Tome 1 : Les enfants d’Alexandrie

Avec cette saga, F. Chandernagor crée une oeuvre assez atypique, non tant par le sujet même si le choix de prendre une héroïne à la fois connue et inconnue est particulier, mais plutôt dans la forme. Il faut savoir avant de commencer la lecture de ce livre que même si c’est avant tout un roman historique, l’auteur a voulu à tout prix rester le plus proche possible des sources et des travaux des historiens, ainsi en fin de tome elle explique les différents aspects de sa démarche – ce qui est très intéressant – mais on retrouve aussi en plein milieu de l’histoire des paragraphes où elle nous parle directement et nous explique ses choix. C’est un peu déstabilisant au début mais on s’y fait vite et on commence même à apprécier et attendre ses moments par la suite.
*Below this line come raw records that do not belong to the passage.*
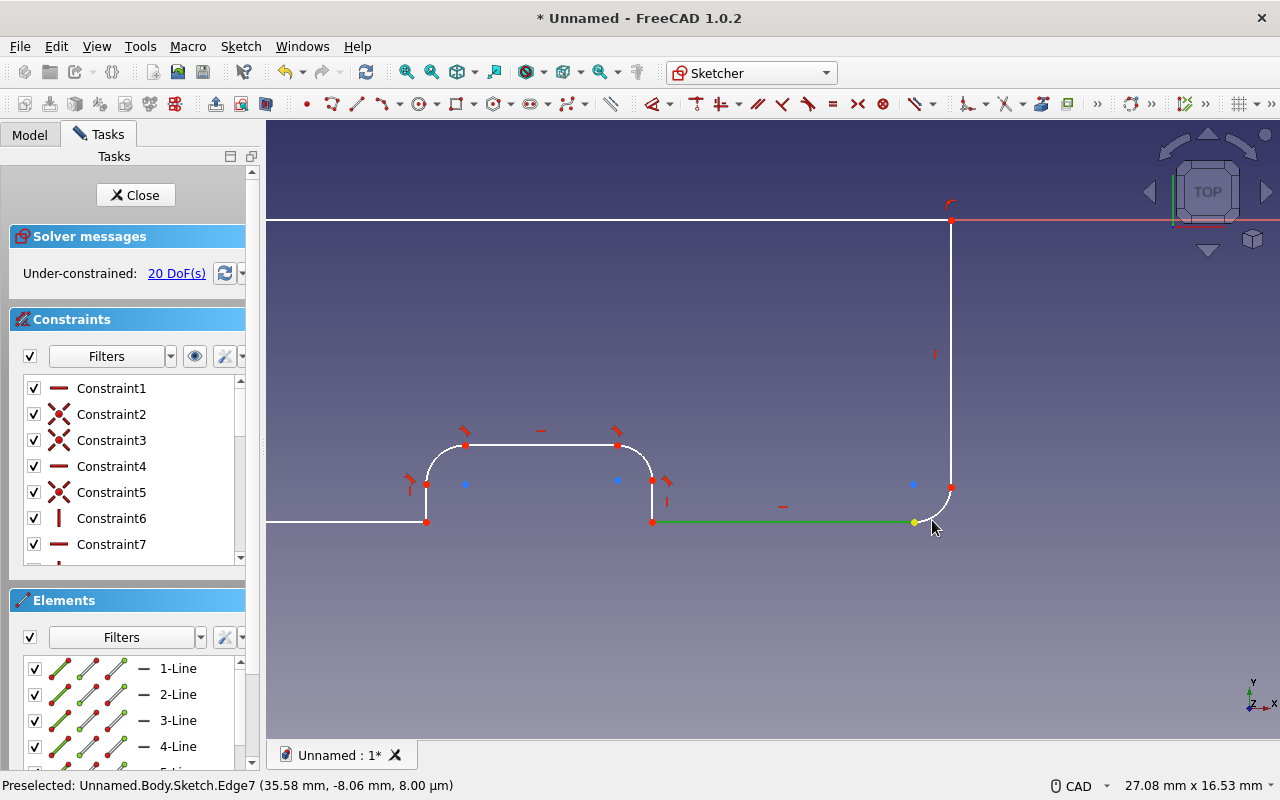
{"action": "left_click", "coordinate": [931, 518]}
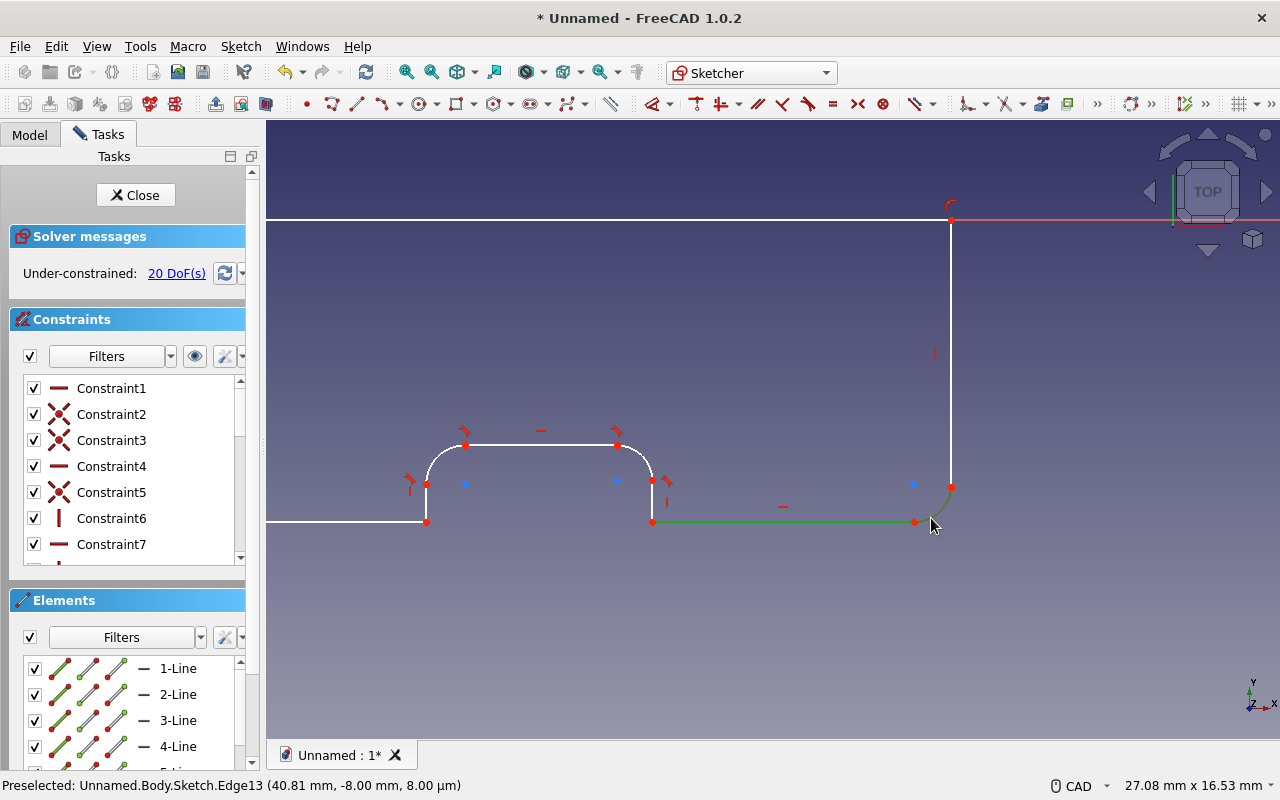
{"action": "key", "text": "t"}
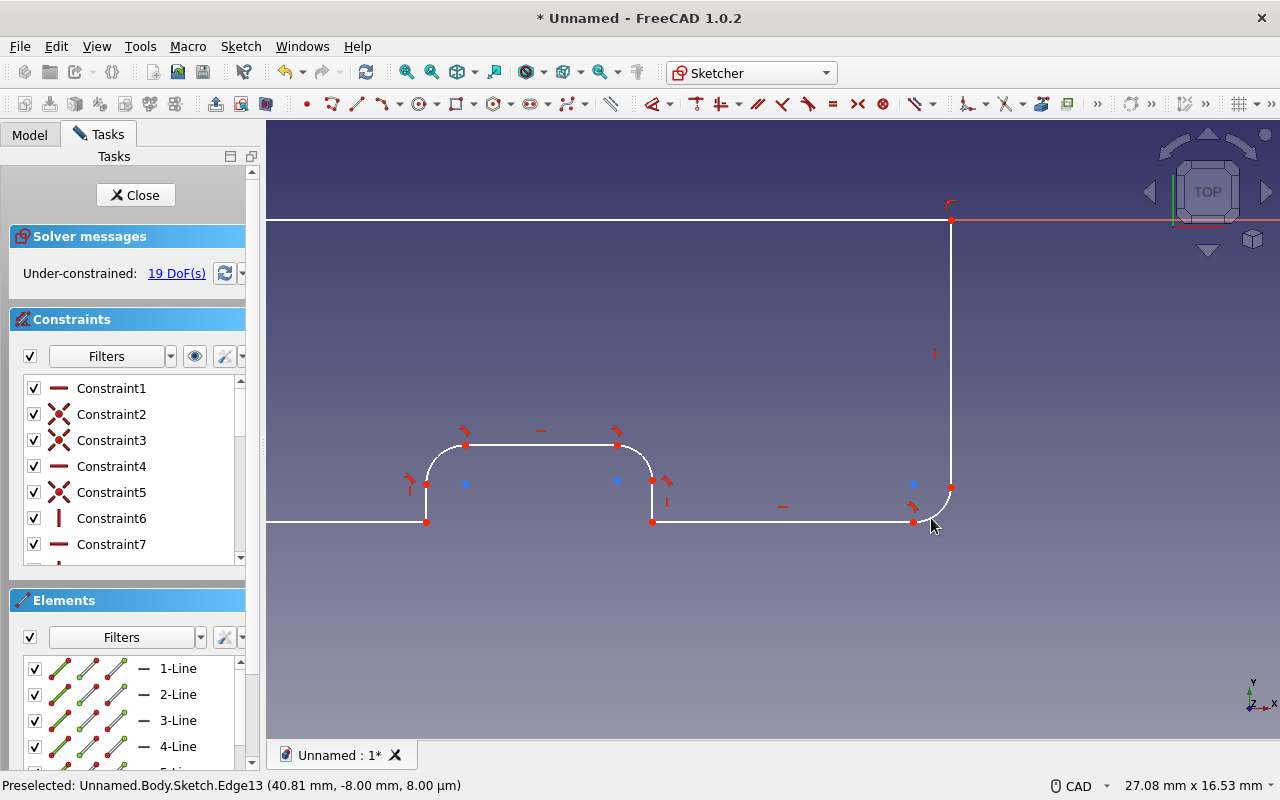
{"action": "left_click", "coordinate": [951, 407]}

Un fois cette étrangeté passée, on peut de plein pied sauter dans l’histoire. Et F. Changernagor a fait le choix astucieux ici de nous la raconter du point de vue de Séléné, fille d’Antoine et Cléopâtre, ce qui permet à la fois de combler imaginairement des pans de l’histoire que l’on ignore et en même temps de justifier parfois les manques qui surgissent puisque Séléné n’en est pas le témoin direct. Cela donne un récit différent de pas mal de romans historiques que j’ai pu lire, il faut dire que Séléné est très jeune au début. En plus, même si je connaissais l’histoire d’Antoine et Cléopâtre dans les grandes lignes, j’ai l’impression de complètement la redécouvrir. J’ai plongé avec joie dans leur quotidien pas toujours très rose et même assez souvent cruel pour leurs enfants. J’ai aimé découvrir leurs habitudes vestimentaires, alimentaires, sociales même et la façon dont ils voyageaient, la place qu’avait les enfants dans leur vie… Mais mon seul reproche, c’est qu’on m’a vendu cette histoire comme celle de Séléné, et qu’ici elle est très très en retrait et que c’est plutôt l’histoire de ses parents que l’on suit tout au long de ce tome. C’est un peu long pour une issue que l’on connait d’avance en plus. J’ai donc dû ronger mon frein à plusieurs reprises, pestant que ça n’aille pas assez vite pour arriver à ce que je ne connais pas, l’après Alexandrie, mais ce ne sera pas pour ce tome malheureusement. Leur histoire sinon est palpitante, on redécouvre d’un autre oeil les événements qui peuplent l’enfance de Séléné. On redécouvre aussi les personnages de Cléopâtre et Antoine qui sont assez différents de l’image romanesque que je leur connaissais, et plus proche de leur image historique. On voit l’Alexandrie des Ptolémée revivre sous nos yeux, on redécouvre la ville (il aurait été agréable d’avoir un plan de celle-ci d’ailleurs pour mieux localiser les lieux évoqués…). C’est vraiment une grande fresque historique qui débute ici, dans laquelle Séléné n’est encore qu’une poupée inanimée qui observe ce qui se passe autour d’elle. J’attends qu’elle prenne enfin vie dans le prochain tome et je serai sûre de me régaler.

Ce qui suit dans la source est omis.